Mathematical modeling can improve the flu vaccine’s effectiveness, according to experts at Rice University—where one such model has existed for more than 15 years—and its Baker Institute for Public Policy.
Michael Deem, the John W. Cox Professor of Biochemical and Genetic Engineering at Rice; Melia Bonomo, a Ph.D. candidate in physics and astronomy at the university; and Kirstin Matthews, a fellow in science and technology policy in the Center for Health and Biosciences at the Baker Institute, outlined their insights in a new policy brief, “Improving the Effectiveness of the Annual Flu Vaccine.”
Seasonal influenza (flu) causes as many as 49 million illnesses and 79,000 deaths in the United States annually since 2010. To combat its impact, the Centers for Disease Control and Prevention (CDC) recommends all healthy children and adults obtain a flu vaccination every year. In 2017-18, 58 percent of healthy children (6 months to 17 years old) and only 37 percent of adults obtained the vaccine. Approximately 80 percent of pediatric deaths from influenza during that season were children who were unvaccinated.
“To develop a vaccine in time for the beginning of flu season in the fall, scientists must start in early January,” the authors wrote. “The current method that the CDC uses involves scientists vaccinating ferrets with several vaccine candidates. They then extract the antibodies from the ferrets to estimate which vaccine was the most effective against the dominant viruses from the previous flu season. This method has been used for almost 50 years. However, it has been proven to be inconsistent in predicting how well the vaccines would perform in humans, especially with the recent, rapidly mutating A(H3N2) viruses. Additionally, experiments with ferrets are time-consuming and costly.”
By contrast, mathematical models, including a model developed at Rice more than 15 years ago, allow scientists to calculate how well the flu vaccine matches the infecting viruses. The Rice model, called pEpitope, estimates vaccine effectiveness, and it has been shown to work well for flu A(H3N2), A(H1N1) and B vaccines. For the 2018-19 flu season, Rice scientists predict that the vaccine will be between 20 and 40 percent effective against the majority of A(H3N2) viruses.
“Public health researchers are often slow to change,” the authors wrote. “Despite the fact that Rice’s pEpitope model has been around for more than 15 years, it is unclear why the CDC has yet to take advantage of it in developing their seasonal flu vaccine. Adding such a model to the already existing ferret experiments will enhance the current vaccination decision-making process.
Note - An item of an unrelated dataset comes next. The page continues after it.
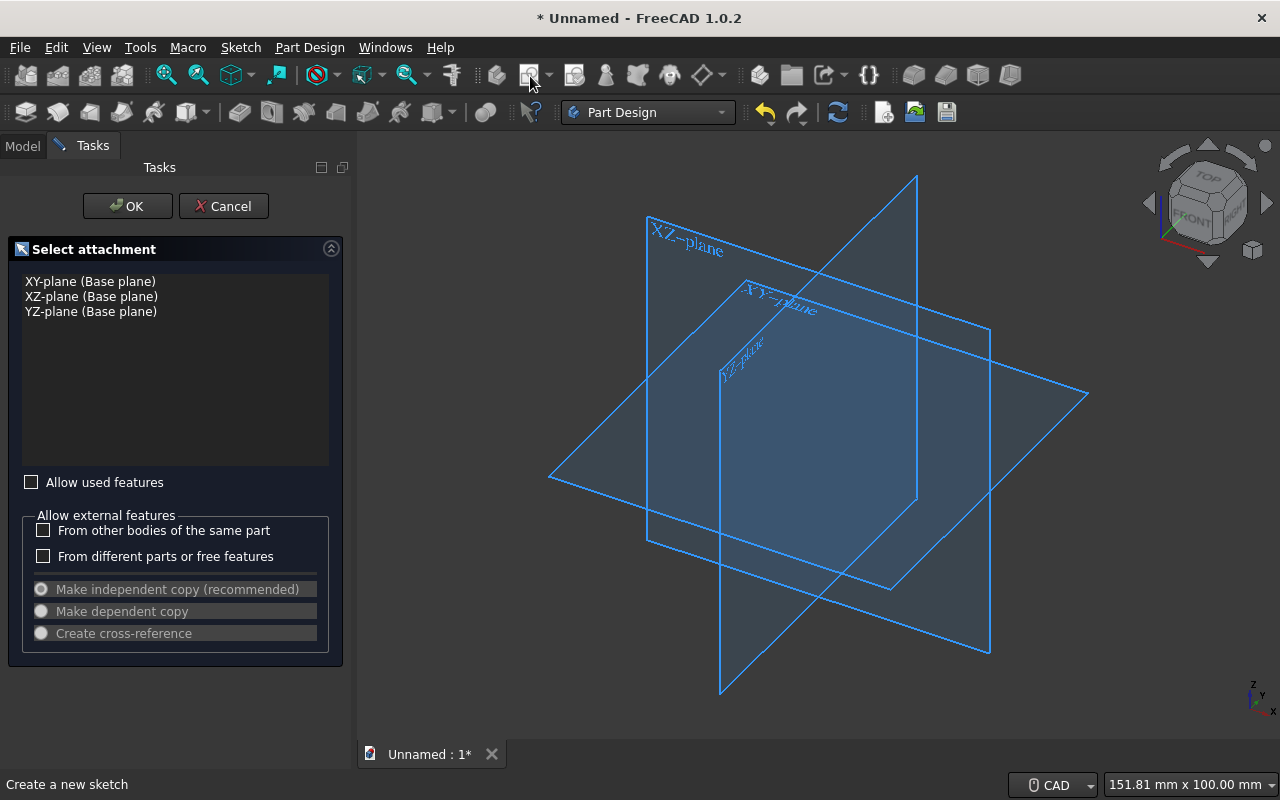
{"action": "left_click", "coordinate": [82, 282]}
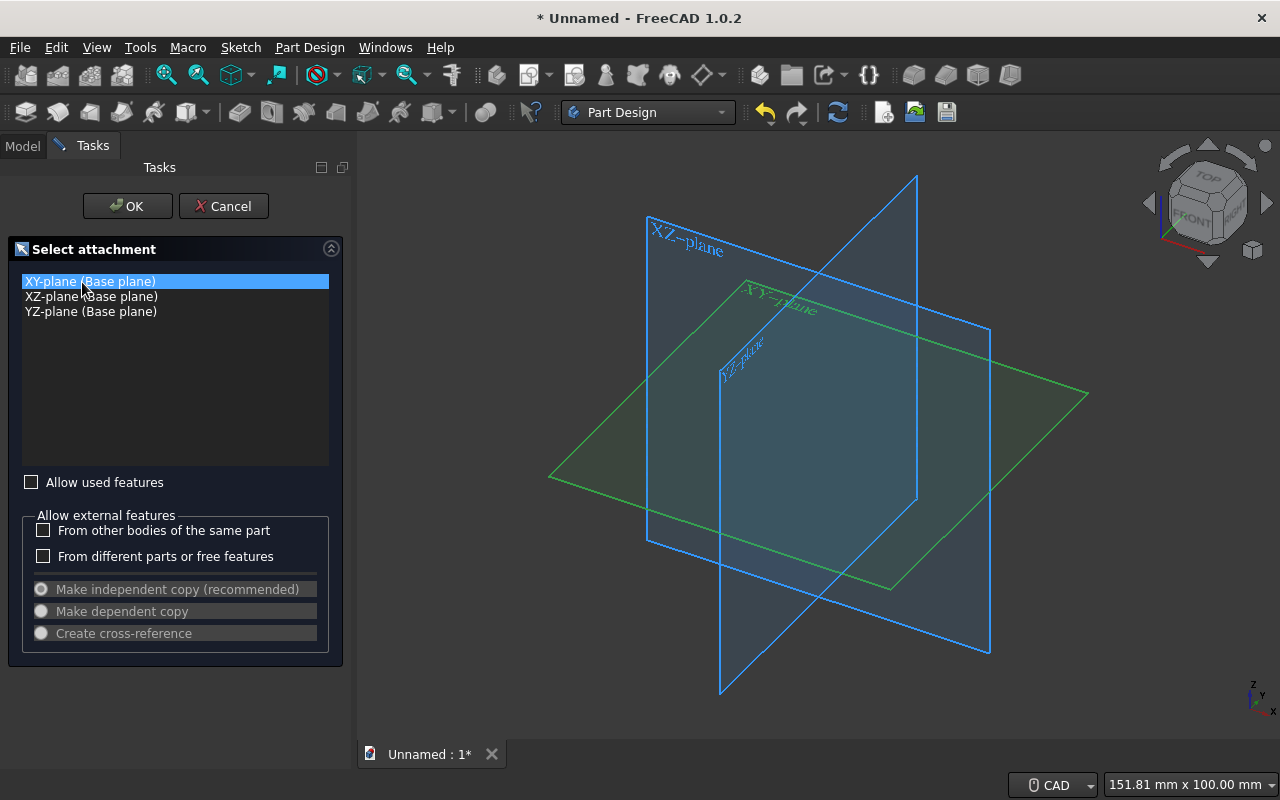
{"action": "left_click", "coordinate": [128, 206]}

“This mathematical modeling technique can rapidly narrow down the viruses that would be good candidates for the vaccine during a particular flu season,” they continued. “It can serve as a check to make sure that the vaccine virus does not mutate during the manufacturing process. The pEpitope model is also low-cost, as it does not require any specialized equipment. Finally, it is extremely quick, taking just a couple of seconds to analyze the potential effectiveness of a vaccine against thousands of infecting viruses in a particular geographic region.”
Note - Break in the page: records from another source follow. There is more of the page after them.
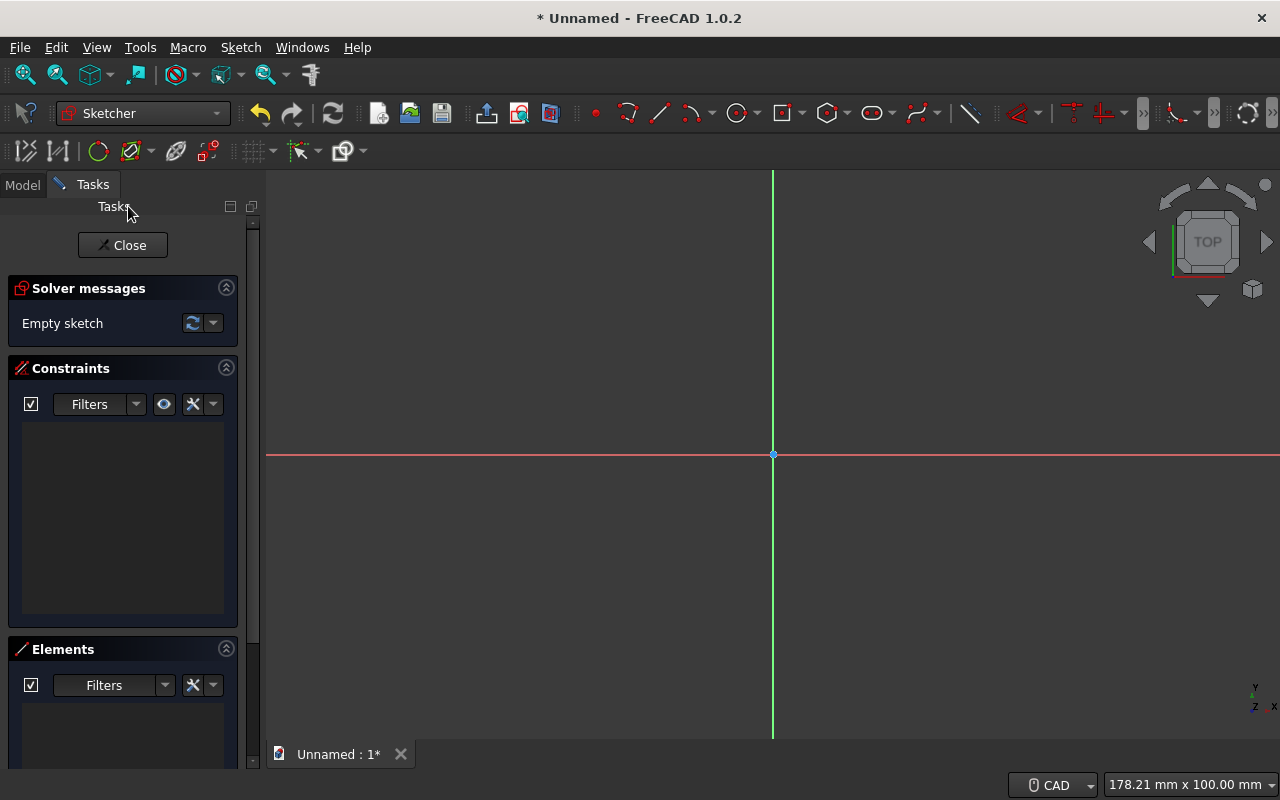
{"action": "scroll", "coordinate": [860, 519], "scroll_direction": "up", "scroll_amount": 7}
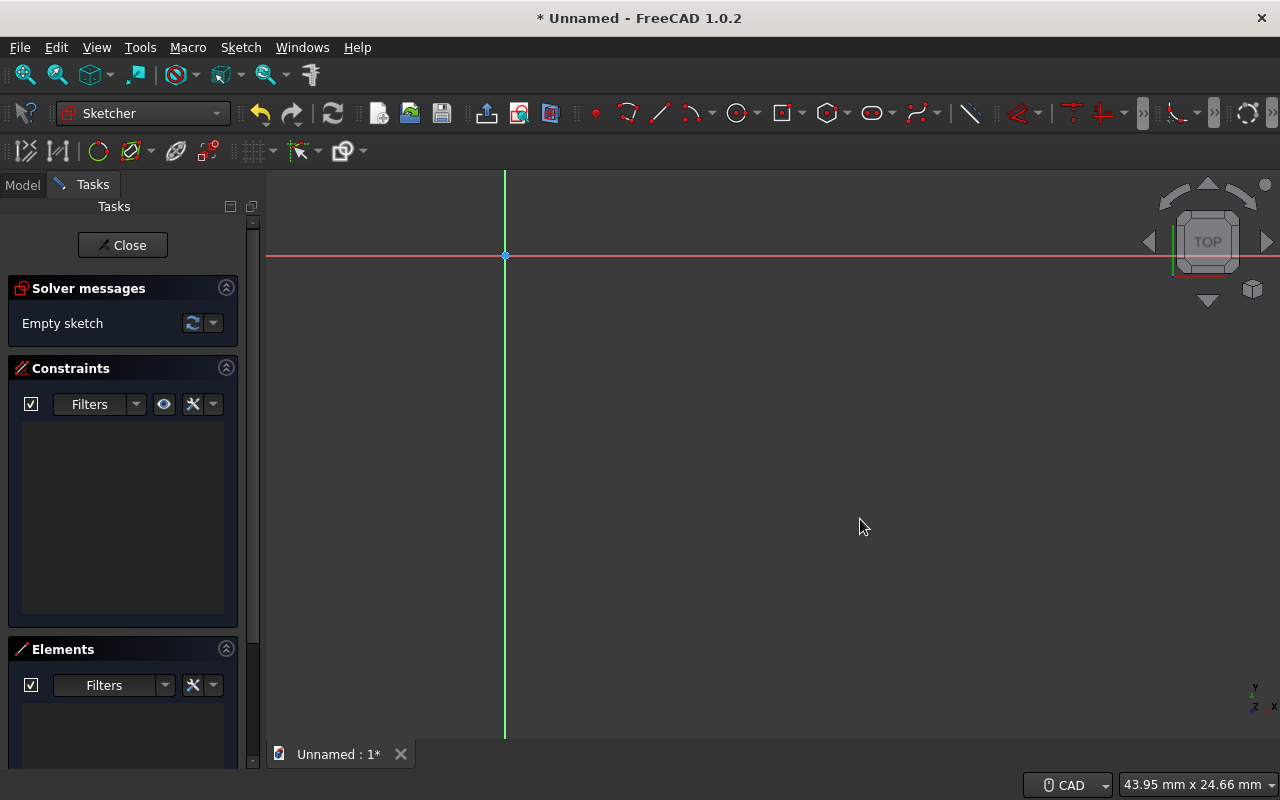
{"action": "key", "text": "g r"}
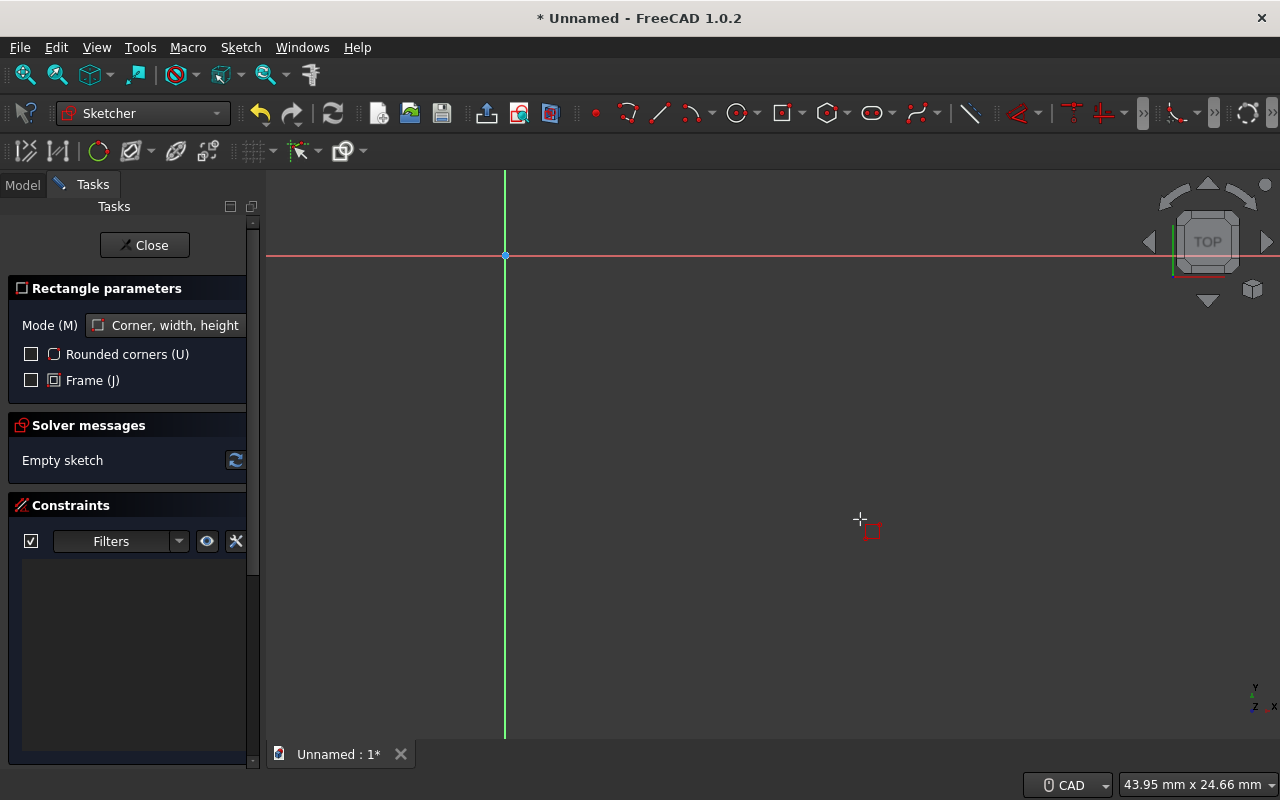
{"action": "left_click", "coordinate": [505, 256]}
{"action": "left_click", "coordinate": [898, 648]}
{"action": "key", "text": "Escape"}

The authors said the CDC should strengthen its current protocols for choosing vaccine candidates by utilizing all available prediction modeling. “This will improve overall flu vaccine effectiveness rates and potentially coverage rates as well,” they wrote. “Scientists hope that with improved effectiveness, they will also be able to improve vaccine coverage rates, which still trail behind the CDC’s Healthy People 2020 goal of 70 percent. Given the difficulty in producing effective vaccines and the general climate of public mistrust of immunization, this work has the potential to improve vaccine strain selection and education by providing a tool that is accessible to researchers and citizen scientists alike.”